The inspector general recommended tightened ATF procedures for documenting, tracking and reviewing proceeds from its undercover tobacco stings.
Jones said the agency has adopted most of those guidelines. While accepting responsibility for “management and oversight lapses that allowed those deficiencies to develop,” he insisted that “the report’s findings do not reflect current ATF policy or practice in this area.”
In a written response, Horowitz approved the ATF’s moves in April 2013 to tighten its standards. Horowitz cautioned that his office “has not been provided evidence to verify the sufficiency of actions taken.”
Reviewing three-dozen ATF undercover cigarette stings between 2006 and 2011, the inspector general found that none of those income-generating probes had been given proper prior approval by an internal ATF review committee, as required by agency policy.
One of those sting operations did not have any approval, either from the ATF or the Justice Department. In that 2009 case, ATF officials allowed a tobacco distributor working as an ATF confidential informant to keep $4.9 million in profits from cigarette sales to criminal suspects. ATF officials justified the move by explaining the $4.9 million covered the informant’s expenses. But the inspector general said the agency failed to “require the informant to provide adequate documentation to support or justify those expenses.”
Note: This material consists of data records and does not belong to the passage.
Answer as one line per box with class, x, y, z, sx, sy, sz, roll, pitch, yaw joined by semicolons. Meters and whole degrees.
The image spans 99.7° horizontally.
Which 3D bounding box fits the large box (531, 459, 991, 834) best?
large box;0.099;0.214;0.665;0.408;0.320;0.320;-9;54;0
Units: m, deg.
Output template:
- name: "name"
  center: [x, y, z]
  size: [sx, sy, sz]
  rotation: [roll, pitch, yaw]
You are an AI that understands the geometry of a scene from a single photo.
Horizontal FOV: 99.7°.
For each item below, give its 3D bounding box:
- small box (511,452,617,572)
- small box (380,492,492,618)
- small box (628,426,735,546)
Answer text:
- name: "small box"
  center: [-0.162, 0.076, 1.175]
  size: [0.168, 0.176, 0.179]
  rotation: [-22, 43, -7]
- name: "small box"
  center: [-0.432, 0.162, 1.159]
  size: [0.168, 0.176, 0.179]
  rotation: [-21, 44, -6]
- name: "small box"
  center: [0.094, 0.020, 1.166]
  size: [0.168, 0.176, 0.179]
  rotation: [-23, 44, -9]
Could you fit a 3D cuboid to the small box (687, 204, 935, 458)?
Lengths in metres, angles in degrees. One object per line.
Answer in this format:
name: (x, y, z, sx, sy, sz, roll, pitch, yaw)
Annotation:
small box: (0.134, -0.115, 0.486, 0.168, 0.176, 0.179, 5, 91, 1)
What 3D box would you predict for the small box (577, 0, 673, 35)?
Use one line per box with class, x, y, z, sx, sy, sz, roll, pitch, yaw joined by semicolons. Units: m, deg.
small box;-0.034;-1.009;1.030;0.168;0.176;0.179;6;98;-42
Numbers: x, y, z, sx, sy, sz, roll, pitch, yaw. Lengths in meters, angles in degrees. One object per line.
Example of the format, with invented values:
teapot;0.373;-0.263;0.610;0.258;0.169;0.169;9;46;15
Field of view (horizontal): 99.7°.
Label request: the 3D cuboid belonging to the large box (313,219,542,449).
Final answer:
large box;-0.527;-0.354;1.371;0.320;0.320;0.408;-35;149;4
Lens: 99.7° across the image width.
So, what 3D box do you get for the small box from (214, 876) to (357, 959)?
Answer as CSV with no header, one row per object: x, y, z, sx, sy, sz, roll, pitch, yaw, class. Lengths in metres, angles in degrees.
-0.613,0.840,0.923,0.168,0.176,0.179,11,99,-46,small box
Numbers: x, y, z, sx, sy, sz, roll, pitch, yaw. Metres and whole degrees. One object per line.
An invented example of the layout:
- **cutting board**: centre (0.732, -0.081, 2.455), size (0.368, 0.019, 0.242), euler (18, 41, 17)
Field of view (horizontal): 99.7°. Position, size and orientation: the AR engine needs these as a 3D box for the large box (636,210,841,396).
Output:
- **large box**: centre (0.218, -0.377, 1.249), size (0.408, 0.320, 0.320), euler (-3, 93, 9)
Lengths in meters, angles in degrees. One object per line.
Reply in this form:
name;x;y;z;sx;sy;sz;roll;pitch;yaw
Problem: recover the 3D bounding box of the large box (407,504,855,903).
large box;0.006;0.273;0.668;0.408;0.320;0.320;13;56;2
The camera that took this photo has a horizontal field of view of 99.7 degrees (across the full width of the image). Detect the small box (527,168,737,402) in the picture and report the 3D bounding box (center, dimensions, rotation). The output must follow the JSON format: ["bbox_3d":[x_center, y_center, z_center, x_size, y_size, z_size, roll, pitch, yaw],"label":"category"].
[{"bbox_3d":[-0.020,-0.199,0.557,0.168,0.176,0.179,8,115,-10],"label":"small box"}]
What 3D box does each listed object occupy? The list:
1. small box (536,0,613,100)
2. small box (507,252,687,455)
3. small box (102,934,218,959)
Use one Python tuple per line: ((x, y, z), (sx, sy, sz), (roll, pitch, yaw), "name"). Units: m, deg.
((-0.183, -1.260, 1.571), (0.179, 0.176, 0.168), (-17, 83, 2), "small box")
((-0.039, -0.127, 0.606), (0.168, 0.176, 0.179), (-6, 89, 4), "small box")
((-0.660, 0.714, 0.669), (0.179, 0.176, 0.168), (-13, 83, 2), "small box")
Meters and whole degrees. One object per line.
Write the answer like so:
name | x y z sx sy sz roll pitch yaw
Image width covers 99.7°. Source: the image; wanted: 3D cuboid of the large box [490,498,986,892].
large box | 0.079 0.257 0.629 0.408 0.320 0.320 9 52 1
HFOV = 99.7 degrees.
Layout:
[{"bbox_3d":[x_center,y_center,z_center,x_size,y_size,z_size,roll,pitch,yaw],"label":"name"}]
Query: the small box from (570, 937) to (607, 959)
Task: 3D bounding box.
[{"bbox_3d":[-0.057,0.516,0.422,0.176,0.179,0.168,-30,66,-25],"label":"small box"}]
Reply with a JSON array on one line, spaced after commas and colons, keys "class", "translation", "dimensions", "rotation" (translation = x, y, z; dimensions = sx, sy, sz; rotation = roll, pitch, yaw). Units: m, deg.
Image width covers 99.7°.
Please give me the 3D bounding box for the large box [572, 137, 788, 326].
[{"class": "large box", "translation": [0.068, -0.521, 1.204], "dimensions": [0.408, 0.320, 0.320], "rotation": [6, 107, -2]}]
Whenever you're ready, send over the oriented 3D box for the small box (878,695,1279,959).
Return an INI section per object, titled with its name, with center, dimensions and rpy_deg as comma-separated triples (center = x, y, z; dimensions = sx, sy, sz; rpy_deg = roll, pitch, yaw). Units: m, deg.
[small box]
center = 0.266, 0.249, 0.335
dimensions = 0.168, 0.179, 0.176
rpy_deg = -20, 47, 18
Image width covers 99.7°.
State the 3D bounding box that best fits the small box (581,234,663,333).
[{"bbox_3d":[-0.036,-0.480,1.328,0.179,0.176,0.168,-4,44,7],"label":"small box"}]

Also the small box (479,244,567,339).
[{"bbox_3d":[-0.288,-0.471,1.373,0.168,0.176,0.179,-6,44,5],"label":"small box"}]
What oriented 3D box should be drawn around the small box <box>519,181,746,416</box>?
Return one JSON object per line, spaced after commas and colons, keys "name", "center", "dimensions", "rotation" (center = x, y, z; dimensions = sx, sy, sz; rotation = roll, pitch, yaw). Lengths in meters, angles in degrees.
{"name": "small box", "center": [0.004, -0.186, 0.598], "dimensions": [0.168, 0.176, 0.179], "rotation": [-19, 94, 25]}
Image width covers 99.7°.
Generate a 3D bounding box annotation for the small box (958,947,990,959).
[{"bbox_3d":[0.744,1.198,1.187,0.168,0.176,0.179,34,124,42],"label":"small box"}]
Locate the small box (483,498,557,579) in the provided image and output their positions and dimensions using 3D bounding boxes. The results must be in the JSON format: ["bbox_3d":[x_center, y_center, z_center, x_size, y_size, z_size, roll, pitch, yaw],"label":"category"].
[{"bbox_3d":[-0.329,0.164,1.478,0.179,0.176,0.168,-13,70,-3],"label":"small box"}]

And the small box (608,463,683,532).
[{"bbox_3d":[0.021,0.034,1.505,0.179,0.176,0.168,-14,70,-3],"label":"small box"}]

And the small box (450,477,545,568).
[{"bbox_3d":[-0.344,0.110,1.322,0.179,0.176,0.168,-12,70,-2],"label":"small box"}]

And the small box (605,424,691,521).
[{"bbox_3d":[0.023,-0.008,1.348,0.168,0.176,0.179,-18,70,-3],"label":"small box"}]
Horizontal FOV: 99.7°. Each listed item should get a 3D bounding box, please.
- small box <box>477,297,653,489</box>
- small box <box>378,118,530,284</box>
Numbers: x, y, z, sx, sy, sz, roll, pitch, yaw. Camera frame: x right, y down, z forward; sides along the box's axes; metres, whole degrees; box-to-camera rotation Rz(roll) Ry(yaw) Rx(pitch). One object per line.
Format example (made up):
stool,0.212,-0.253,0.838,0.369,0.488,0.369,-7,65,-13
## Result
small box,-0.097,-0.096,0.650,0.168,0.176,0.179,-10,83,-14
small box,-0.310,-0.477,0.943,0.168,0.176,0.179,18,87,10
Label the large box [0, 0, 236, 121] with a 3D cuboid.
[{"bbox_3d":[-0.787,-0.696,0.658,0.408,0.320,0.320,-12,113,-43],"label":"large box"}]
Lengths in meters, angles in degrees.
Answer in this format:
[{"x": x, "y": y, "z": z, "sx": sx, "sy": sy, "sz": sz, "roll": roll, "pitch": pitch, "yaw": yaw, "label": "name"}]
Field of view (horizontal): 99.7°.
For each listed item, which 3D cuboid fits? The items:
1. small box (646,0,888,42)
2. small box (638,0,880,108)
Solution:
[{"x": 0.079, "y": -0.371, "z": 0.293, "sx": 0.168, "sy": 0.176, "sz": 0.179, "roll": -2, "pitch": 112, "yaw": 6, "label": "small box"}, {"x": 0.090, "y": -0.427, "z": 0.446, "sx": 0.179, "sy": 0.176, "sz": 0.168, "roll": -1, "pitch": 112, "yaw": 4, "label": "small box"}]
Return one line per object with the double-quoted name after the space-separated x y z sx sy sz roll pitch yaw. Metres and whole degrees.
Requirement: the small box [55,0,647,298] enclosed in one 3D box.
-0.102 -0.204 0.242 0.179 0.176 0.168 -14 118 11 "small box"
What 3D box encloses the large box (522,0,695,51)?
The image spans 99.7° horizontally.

The remaining profits were used by agency officials to pay for a separate ATF cigarette smuggling sting _ which the inspector general said violated ATF rules that profits from a “churning investigation” could only be used to fund that specific operation, not other cases.
The inspector general said shoddy documentation and inventory controls made it impossible to account for more than 2.1 million cartons of cigarettes _ totaling 420 million cigarettes _ during at least 20 separate ATF sting operations. The watchdog estimated the retail value of those items at $127 million.
An ATF spokeswoman disputed the inspector general’s 2.1 million carton tally for cigarettes that could not be accounted for during the inquiry. “In contrast to the OIG auditors’ numbers, ATF’s reconstructive inventory showed only 447,218 cartons that were not reconciled because of insufficient documentation,” said ATF spokeswoman Ginger Colbrun.
The inspector general noted the ATF’s different cigarette inventory numbers in its report, but added that “we do not believe the results of the ATF’s review are comparable to the OIG review.”